Yesterday, Prime Minister Badawi allocated RM 50 million fund for conservation work for the World Heritage Cities of Melaka and Georgetown in his Budget 2009. Compared to an overall budget of RM 209 billion, this amount is certainly a drop in an ocean.
Moreover, the amount is to be divided with Melaka and Georgetown. Conservation work and renovating heritage buildings are not cheap and involves specialised expertise. Hopefully, this allocation is just the beginning for Malaysia in recognising the importance of preserving our heritage for future generations.
I remember once some VIP mentioned that preserving old buildings is not progressive. They should be demolished and newer buildings must be built to replace them. How wrong these comments are. These old buildings with their unique characters reflect the architectural designs of their times and should be preserved.
Build newer buildings by all means BUT ensure that they are built outside the core heritage areas. Visitors to our heritage cities want to see unique buildings and cultures.
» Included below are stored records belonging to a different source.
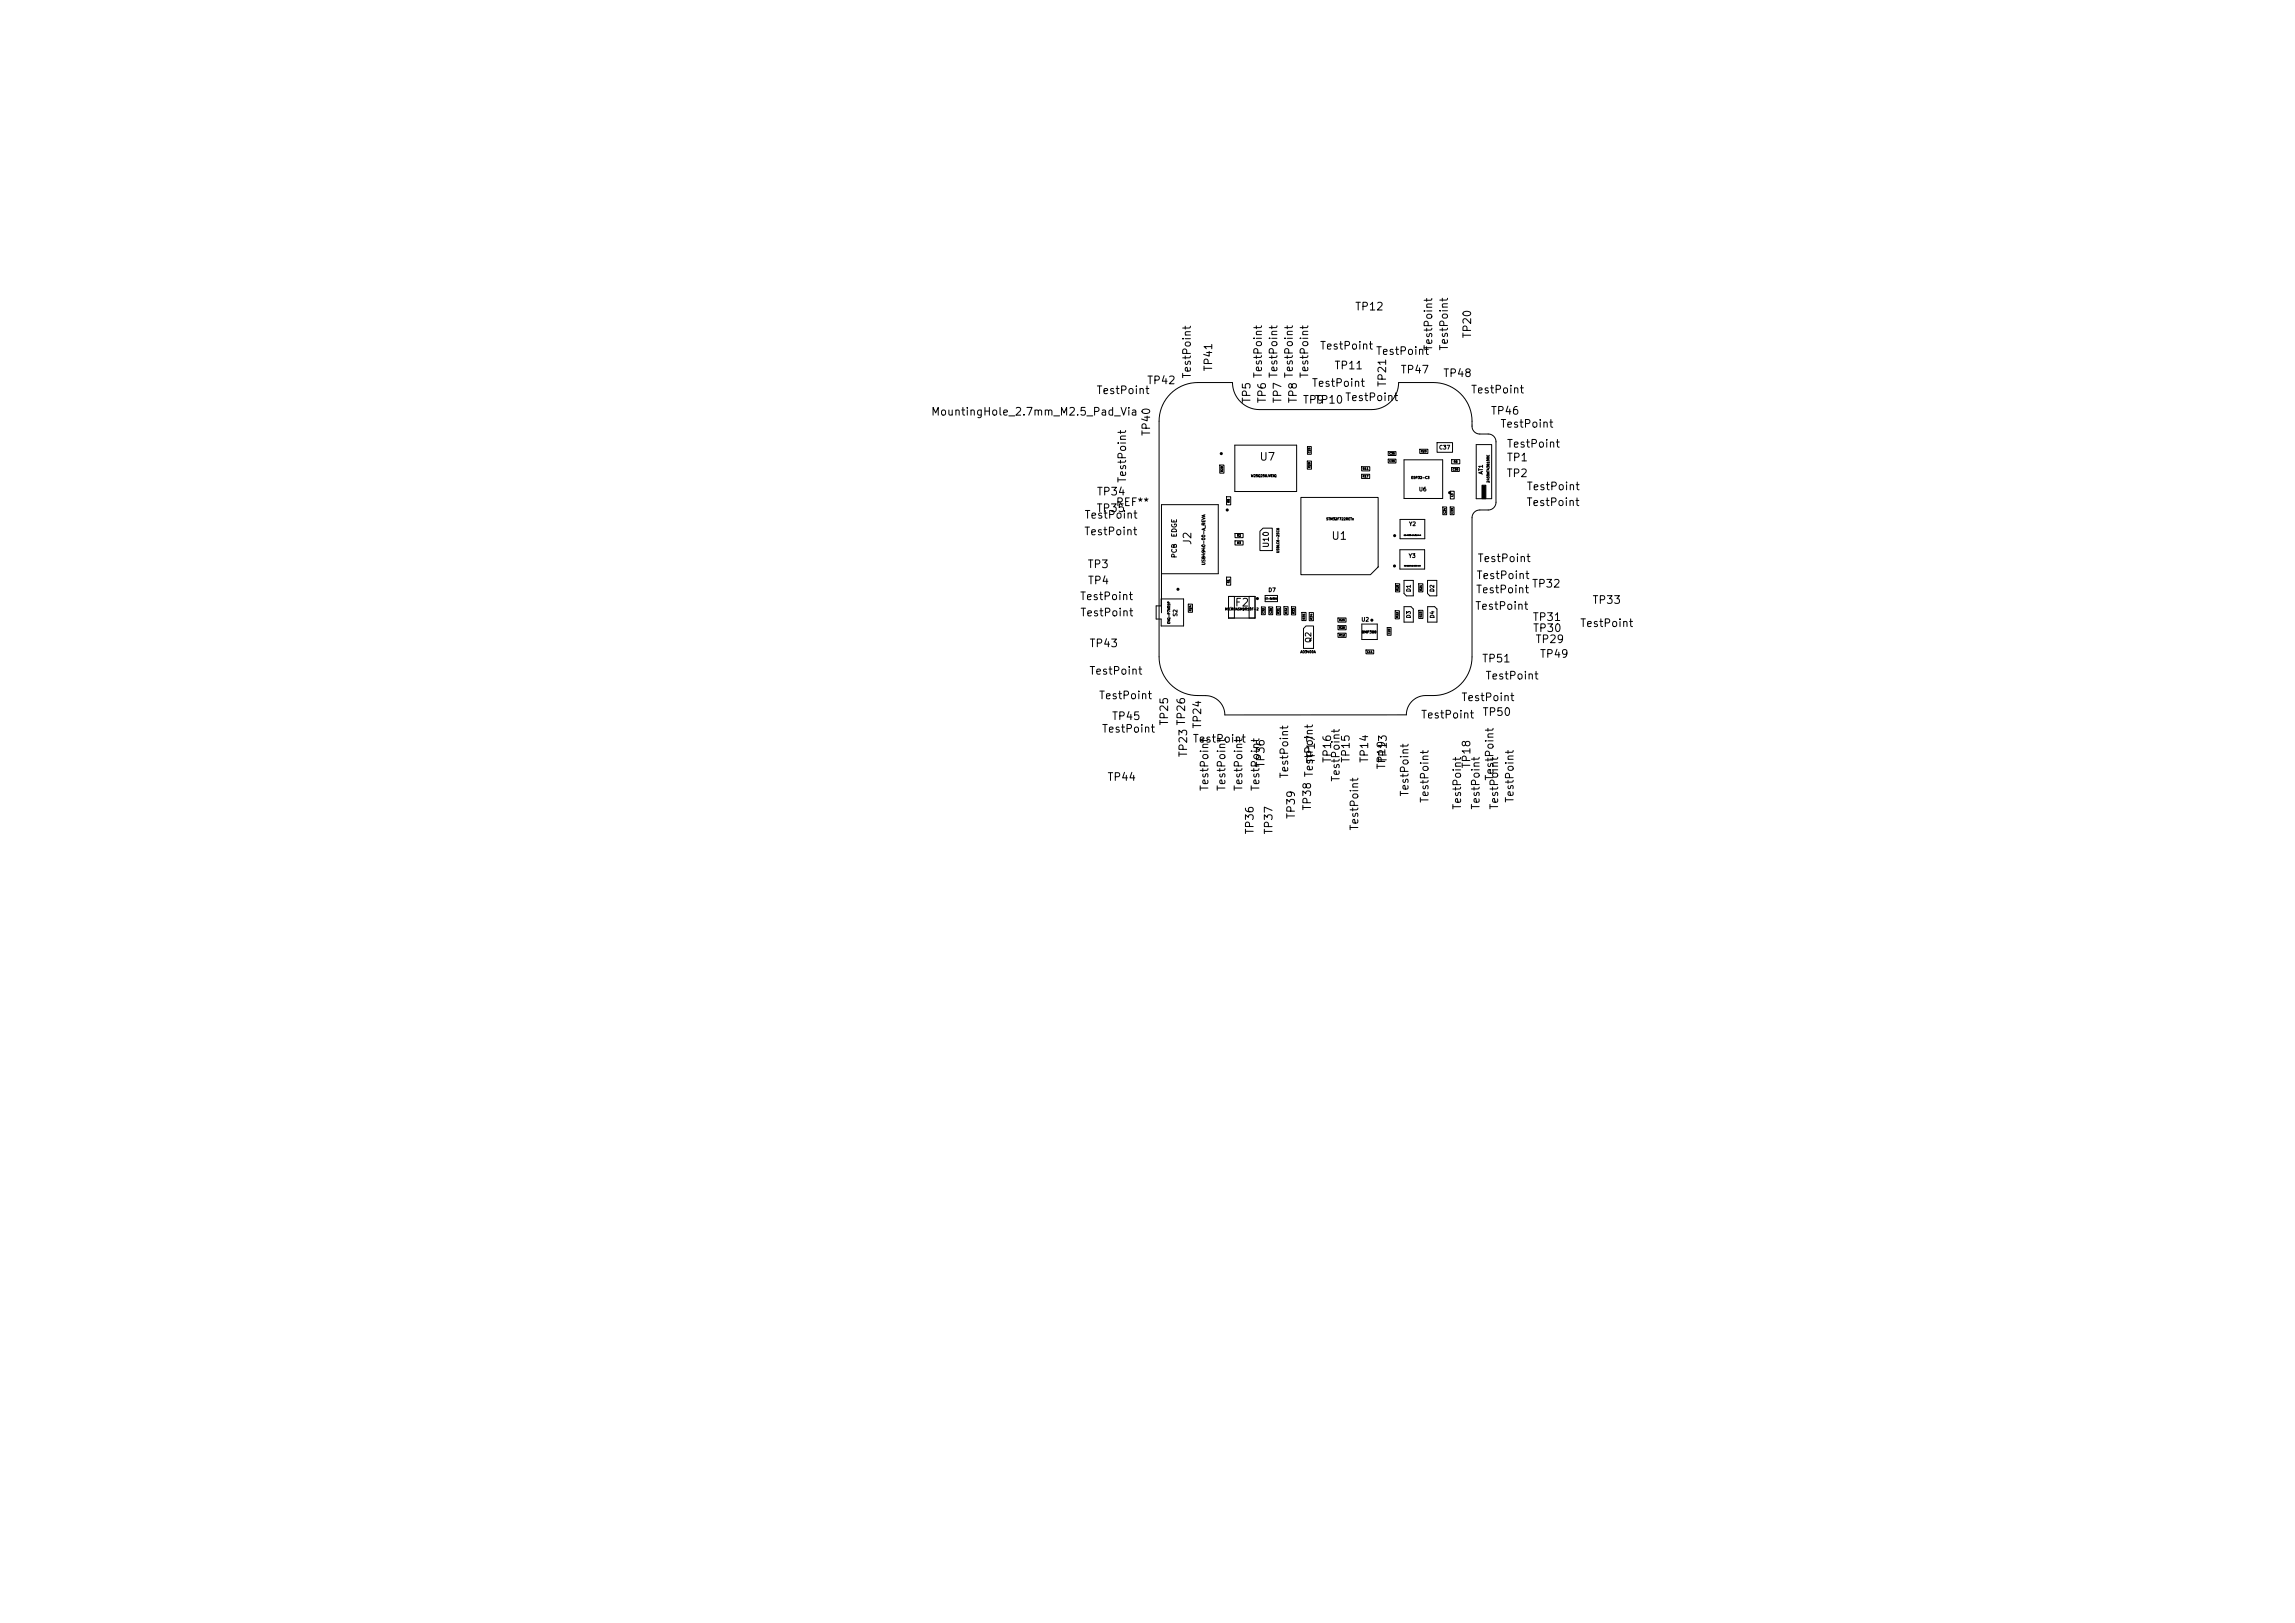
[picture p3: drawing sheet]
<svg xmlns="http://www.w3.org/2000/svg" width="297mm" height="210mm" viewBox="0 0 297 210" stroke-linecap="round" stroke-linejoin="round" font-family="sans-serif">
<defs><g id="words">
<g font-size="1">
<text x="175.3" y="40.4">TP12</text>
<text x="170.7" y="45.5">TestPoint</text>
<text x="178" y="46.2">TestPoint</text>
<text x="185.6" y="45.5" transform="rotate(-90 185.6 45.5)">TestPoint</text>
<text x="187.6" y="45.5" transform="rotate(-90 187.6 45.5)">TestPoint</text>
<text x="190.6" y="43.9" transform="rotate(-90 190.6 43.9)">TP20</text>
<text x="141.8" y="51.2">TestPoint</text>
<text x="148.4" y="50">TP42</text>
<text x="154.4" y="49.1" transform="rotate(-90 154.4 49.1)">TestPoint</text>
<text x="157.1" y="48.1" transform="rotate(-90 157.1 48.1)">TP41</text>
<text x="162.1" y="52.3" transform="rotate(-90 162.1 52.3)">TP5</text>
<text x="163.6" y="49" transform="rotate(-90 163.6 49)">TestPoint</text>
<text x="164.1" y="52.3" transform="rotate(-90 164.1 52.3)">TP6</text>
<text x="165.6" y="49" transform="rotate(-90 165.6 49)">TestPoint</text>
<text x="166.1" y="52.3" transform="rotate(-90 166.1 52.3)">TP7</text>
<text x="167.6" y="49" transform="rotate(-90 167.6 49)">TestPoint</text>
<text x="168.1" y="52.3" transform="rotate(-90 168.1 52.3)">TP8</text>
<text x="168.5" y="52.5">TP9</text>
<text x="169.6" y="49" transform="rotate(-90 169.6 49)">TestPoint</text>
<text x="169.7" y="50.3">TestPoint</text>
<text x="170.1" y="52.5">TP10</text>
<text x="172.6" y="48">TP11</text>
<text x="174" y="52.1">TestPoint</text>
<text x="179.6" y="50.2" transform="rotate(-90 179.6 50.2)">TP21</text>
<text x="181.2" y="48.6">TP47</text>
<text x="186.7" y="49">TP48</text>
<text x="190.3" y="51.2">TestPoint</text>
<text x="192.9" y="53.9">TP46</text>
<text x="120.4" y="54">MountingHole_2.7mm_M2.5_Pad_Via</text>
<text x="149.1" y="56.5" transform="rotate(-90 149.1 56.5)">TP40</text>
<text x="162.9" y="59.9">U7</text>
<text x="194.1" y="55.6">TestPoint</text>
<text x="194.9" y="59.9">TP1</text>
<text x="194.9" y="58.2">TestPoint</text>
<text x="141.9" y="64.4">TP34</text>
<text x="144.3" y="65.7">REF**</text>
<text x="146" y="62.6" transform="rotate(-90 146 62.6)">TestPoint</text>
<text x="194.9" y="62">TP2</text>
<text x="197.5" y="65.7">TestPoint</text>
<text x="197.5" y="63.7">TestPoint</text>
<text x="140.2" y="69.5">TestPoint</text>
<text x="140.3" y="67.4">TestPoint</text>
<text x="141.8" y="66.5">TP35</text>
<text x="154.4" y="70.6" transform="rotate(-90 154.4 70.6)">J2</text>
<text x="172.2" y="70.1">U1</text>
<text x="139.7" y="77.9">TestPoint</text>
<text x="140.7" y="73.8">TP3</text>
<text x="140.7" y="75.9">TP4</text>
<text x="190.9" y="77">TestPoint</text>
<text x="191" y="75.2">TestPoint</text>
<text x="191.1" y="73">TestPoint</text>
<text x="198.2" y="76.3">TP32</text>
<text x="139.7" y="80">TestPoint</text>
<text x="140.9" y="84">TP43</text>
<text x="159.7" y="78.7">F2</text>
<text x="190.8" y="79.2">TestPoint</text>
<text x="198.3" y="80.6">TP31</text>
<text x="198.3" y="82">TP30</text>
<text x="198.6" y="83.5">TP29</text>
<text x="204.4" y="81.4">TestPoint</text>
<text x="206" y="78.4">TP33</text>
<text x="140.9" y="87.5">TestPoint</text>
<text x="191.7" y="86">TP51</text>
<text x="192.2" y="88.2">TestPoint</text>
<text x="199.2" y="85.4">TP49</text>
<text x="142.1" y="90.7">TestPoint</text>
<text x="142.5" y="95">TestPoint</text>
<text x="143.8" y="93.4">TP45</text>
<text x="151.4" y="94" transform="rotate(-90 151.4 94)">TP25</text>
<text x="153.6" y="94" transform="rotate(-90 153.6 94)">TP26</text>
<text x="155.7" y="94.4" transform="rotate(-90 155.7 94.4)">TP24</text>
<text x="183.8" y="93.2">TestPoint</text>
<text x="189" y="91">TestPoint</text>
<text x="191.8" y="92.9">TP50</text>
<text x="143.2" y="101.3">TP44</text>
<text x="153.9" y="98.1" transform="rotate(-90 153.9 98.1)">TP23</text>
<text x="154.3" y="96.3">TestPoint</text>
<text x="163.9" y="99.4" transform="rotate(-90 163.9 99.4)">TP36</text>
<text x="167" y="100.8" transform="rotate(-90 167 100.8)">TestPoint</text>
<text x="170.4" y="98.9" transform="rotate(-90 170.4 98.9)">TP17</text>
<text x="172.5" y="98.8" transform="rotate(-90 172.5 98.8)">TP16</text>
<text x="173.6" y="101.2" transform="rotate(-90 173.6 101.2)">TestPoint</text>
<text x="174.9" y="98.8" transform="rotate(-90 174.9 98.8)">TP15</text>
<text x="177.3" y="98.8" transform="rotate(-90 177.3 98.8)">TP14</text>
<text x="179.5" y="99.6" transform="rotate(-90 179.5 99.6)">TP19</text>
<text x="179.7" y="98.8" transform="rotate(-90 179.7 98.8)">TP13</text>
<text x="190.5" y="99.5" transform="rotate(-90 190.5 99.5)">TP18</text>
<text x="193.5" y="101.1" transform="rotate(-90 193.5 101.1)">TestPoint</text>
<text x="156.6" y="102.4" transform="rotate(-90 156.6 102.4)">TestPoint</text>
<text x="158.8" y="102.4" transform="rotate(-90 158.8 102.4)">TestPoint</text>
<text x="161" y="102.4" transform="rotate(-90 161 102.4)">TestPoint</text>
<text x="163.2" y="102.4" transform="rotate(-90 163.2 102.4)">TestPoint</text>
<text x="167.8" y="106.1" transform="rotate(-90 167.8 106.1)">TP39</text>
<text x="169.9" y="105" transform="rotate(-90 169.9 105)">TP38 TestPoint</text>
<text x="176" y="107.6" transform="rotate(-90 176 107.6)">TestPoint</text>
<text x="182.5" y="103.2" transform="rotate(-90 182.5 103.2)">TestPoint</text>
<text x="185.1" y="104" transform="rotate(-90 185.1 104)">TestPoint</text>
<text x="189.3" y="104.9" transform="rotate(-90 189.3 104.9)">TestPoint</text>
<text x="191.7" y="104.9" transform="rotate(-90 191.7 104.9)">TestPoint</text>
<text x="194.1" y="104.9" transform="rotate(-90 194.1 104.9)">TestPoint</text>
<text x="196.1" y="104" transform="rotate(-90 196.1 104)">TestPoint</text>
<text x="162.5" y="108" transform="rotate(-90 162.5 108)">TP36</text>
<text x="164.9" y="108.1" transform="rotate(-90 164.9 108.1)">TP37</text>
</g>
<g font-size=".7">
<text x="164.4" y="70.9" transform="rotate(-90 164.4 70.9)">U10</text>
<text x="169.9" y="83.3" transform="rotate(-90 169.9 83.3)">Q2</text>
</g>
<g font-size=".6">
<text x="152.4" y="69.6" transform="rotate(-90 152.4 69.6)">EDGE</text>
<text x="152.4" y="72.3" transform="rotate(-90 152.4 72.3)">PCB</text>
</g>
<g font-size=".5">
<text x="186.2" y="58.3">C37</text>
<text x="183.6" y="63.7">U6</text>
<text x="192" y="61.4" transform="rotate(-90 192 61.4)">AT1</text>
<text x="182.3" y="68.2">Y2</text>
<text x="164.1" y="76.7">D7</text>
<text x="182.2" y="72.3">Y3</text>
<text x="182.7" y="76.7" transform="rotate(-90 182.7 76.7)">D1</text>
<text x="185.7" y="76.7" transform="rotate(-90 185.7 76.7)">D2</text>
<text x="152.5" y="79.8" transform="rotate(-90 152.5 79.8)">S2</text>
<text x="176.1" y="80.5">U2</text>
<text x="182.7" y="80.1" transform="rotate(-90 182.7 80.1)">D3</text>
<text x="185.7" y="80.1" transform="rotate(-90 185.7 80.1)">D4</text>
</g>
<text font-size=".4" x="156.1" y="73.2" transform="rotate(-90 156.1 73.2)">USB4940-00-A_REVA</text>
<g font-size=".3">
<text x="169.6" y="58.7" transform="rotate(-90 169.6 58.7)">C29</text>
<text x="179.8" y="59.8">C35</text>
<text x="179.8" y="58.9">C36</text>
<text x="183.8" y="58.6">R20</text>
<text x="188.1" y="59.9">R6</text>
<text x="158.3" y="61.1" transform="rotate(-90 158.3 61.1)">R29</text>
<text x="159.2" y="65.1" transform="rotate(-90 159.2 65.1)">R5</text>
<text x="161.9" y="61.8">W25Q256JVEIQ</text>
<text x="169.6" y="60.6" transform="rotate(-90 169.6 60.6)">R28</text>
<text x="176.3" y="61.8">R17</text>
<text x="176.3" y="60.9">R11</text>
<text x="182.6" y="62">ESP32-C3</text>
<text x="188" y="60.9">C38</text>
<text x="188.1" y="64.3" transform="rotate(-90 188.1 64.3)">L3</text>
<text x="192.8" y="62.5" transform="rotate(-90 192.8 62.5)">2450AT43B100E</text>
<text x="160.1" y="69.5">R2</text>
<text x="160.1" y="70.4">R3</text>
<text x="165.6" y="71.6" transform="rotate(-90 165.6 71.6)">USBLC6-2SC6</text>
<text x="171.6" y="67.4">STM32F722RETx</text>
<text x="187.1" y="66.5" transform="rotate(-90 187.1 66.5)">C34</text>
<text x="188.1" y="66.5" transform="rotate(-90 188.1 66.5)">C33</text>
<text x="159.2" y="75.5" transform="rotate(-90 159.2 75.5)">R1</text>
<text x="181.1" y="76.5" transform="rotate(-90 181.1 76.5)">R18</text>
<text x="184.1" y="76.5" transform="rotate(-90 184.1 76.5)">R21</text>
<text x="151.5" y="80.8" transform="rotate(-90 151.5 80.8)">EVQ-P7A01P</text>
<text x="154.2" y="79.1" transform="rotate(-90 154.2 79.1)">R24</text>
<text x="158.5" y="79">MICROASMD010F-2</text>
<text x="163.7" y="79.4" transform="rotate(-90 163.7 79.4)">C32</text>
<text x="164.6" y="79.4" transform="rotate(-90 164.6 79.4)">C39</text>
<text x="165.6" y="79.5" transform="rotate(-90 165.6 79.5)">R31</text>
<text x="166.6" y="79.4" transform="rotate(-90 166.6 79.4)">R32</text>
<text x="167.6" y="79.5" transform="rotate(-90 167.6 79.5)">R33</text>
<text x="168.9" y="80.2" transform="rotate(-90 168.9 80.2)">R35</text>
<text x="169.9" y="80.2" transform="rotate(-90 169.9 80.2)">R34</text>
<text x="173.3" y="80.4">R25</text>
<text x="173.3" y="82.4">R12</text>
<text x="173.3" y="81.4">R26</text>
<text x="176.2" y="82">BMP388</text>
<text x="180" y="82.1" transform="rotate(-90 180 82.1)">C28</text>
<text x="181" y="80" transform="rotate(-90 181 80)">R22</text>
<text x="184.1" y="79.9" transform="rotate(-90 184.1 79.9)">R23</text>
<text x="168.3" y="84.6">AO3400A</text>
<text x="176.9" y="84.5">C11</text>
</g>
<text font-size=".2" x="163.7" y="77.6">KT-0603R</text>
</g></defs>
<g fill="none" stroke="#000" stroke-width=".13">
<path d="M151.5 51a5 5 0 0 1 3.5-1.5h4.5a3.5 3.5 0 0 0 3.5 3.5h14.5a3.5 3.5 0 0 0 3.5-3.5h4.5a5.1 5.1 0 0 1 5 5.8 1 1 0 0 0 1 .9h1.1a1 1 0 0 1 1 1v7.8a1 1 0 0 1-1 1h-1.1a1 1 0 0 0-1 1v18a5 5 0 0 1-5 5h-1a2.5 2.5 0 0 0-2.5 2.5h-23.5a2.5 2.5 0 0 0-2.5-2.5 5.3 5.3 0 0 1-5.1-2.1l-.6-1.2-.2-.8-.1-.9v-30.5a5 5 0 0 1 1.5-3.5zM159.8 57.6h8v6h-8zM169.2 59.7h.5v1h-.5zM169.2 57.8h.5v1h-.5zM179.7 59.4h1v.5h-1zM179.7 58.4h1v.5h-1zM181.7 59.5h5v5h-5zM183.7 58.1h1.1v.6h-1.1zM186 57.3h2v1.2h-2zM187.9 59.5h1v.5h-1zM191 57.5h2v7h-2zM150.3 77.5h2.9v3.5h-2.9v-.9h-.7v-1.7h.7z"/>
<path d="M150.3 74.2h7.4v-8.9h-7.4v14M153.8 78.2h.5v1h-.5zM157.9 60.2h.5v1h-.5zM158.7 64.3h.6v1h-.6zM158.7 74.7h.6v1h-.6zM159 77.2h3.4v2.8h-3.4zM159.7 77.2v2.8M159.8 69h1.1v.6h-1.1zM159.8 70h1.1v.5h-1.1zM161.7 77.2v2.8M163 68.7l.5-.4h1.1v2.9h-1.6zM163.2 78.5h.5v1h-.5z"/>
<path d="M163.7 77.1h1.6v.8h-1.6zM164.2 78.5h.5v1h-.5zM165.2 78.5h.5v1.1h-.5zM166.2 78.5h.5v1.1h-.5zM167.1 78.5h.6v1.1h-.6zM168.3 64.4h10v9l-1 1h-9zM168.5 79.3h.5v1h-.5zM169.4 79.3h.6v1h-.6zM173.1 80h1.1v.5h-1.1zM176.2 61.4h1.1v.5h-1.1zM176.2 60.4h1.1v.5h-1.1zM180.6 79h.5v1.1h-.5z"/>
<path d="M180.6 75.5h.5v1.1h-.5zM181.2 71.1h3.2v2.5h-3.2zM181.2 67.2h3.2v2.5h-3.2zM181.7 78.5h.9l.3 .3v1.7h-1.2zM181.7 75.1h1.2v2h-.9l-.3-.3zM183.6 75.5h.5v1.1h-.5zM183.6 79h.5v1h-.5zM184.7 75.1h1.2v2h-.9l-.3-.3zM184.8 78.5h.9l.3 .3v1.7h-1.2zM186.7 65.6h.5v1h-.5zM187.7 65.6h.5v1h-.5zM187.7 63.6h.5v1h-.5z"/>
<path d="M187.9 60.5h1v.5h-1zM168.7 81.3l.3-.3h1v2.9h-1.3zM173.2 81.9h1v.6h-1zM173.2 81h1v.5h-1zM176.2 80.8h2v2h-2zM176.8 84.1h1v.5h-1zM179.5 81.2h.5v1h-.5z"/>
</g>
<g fill="none" stroke="#000" stroke-width=".2">
<circle cx="158" cy="58.7" r=".1"/>
<circle cx="152.4" cy="76.3" r=".1"/>
<circle cx="158.8" cy="66" r=".1"/>
<circle cx="162.7" cy="77.5" r=".1"/>
<circle cx="180.5" cy="73.2" r=".1"/>
<circle cx="180.5" cy="69.3" r=".1"/>
<circle cx="187.6" cy="63.8" r=".1"/>
<circle cx="177.5" cy="80.2" r=".1"/>
</g>
<g fill="#000" stroke="#000" stroke-width=".13">
<path d="M191.8 62.8h.5v1.7h-.5z"/>
<circle cx="159.3" cy="78.6" r=".01"/>
</g>
<use href="#words"/>
</svg>

They certainly do not want to see skyscrapers like theirs at home. If they want to see these skyscrapers,they can do so back in their own backyard.
Singapore has destroyed their heritage buildings during the building frenzy in 1970s and 1980s and they are regretting it. Bras Basah Road had elegant colonial buildings but they were bulldozed. Similarly, Hong Kong followed the same course on their buildings. Luckily, the Hong Kong authorities have maintained the Hong Kong Tram system.
The past can certainly co-exist with the present and we should preserve them for the future. Food for thought.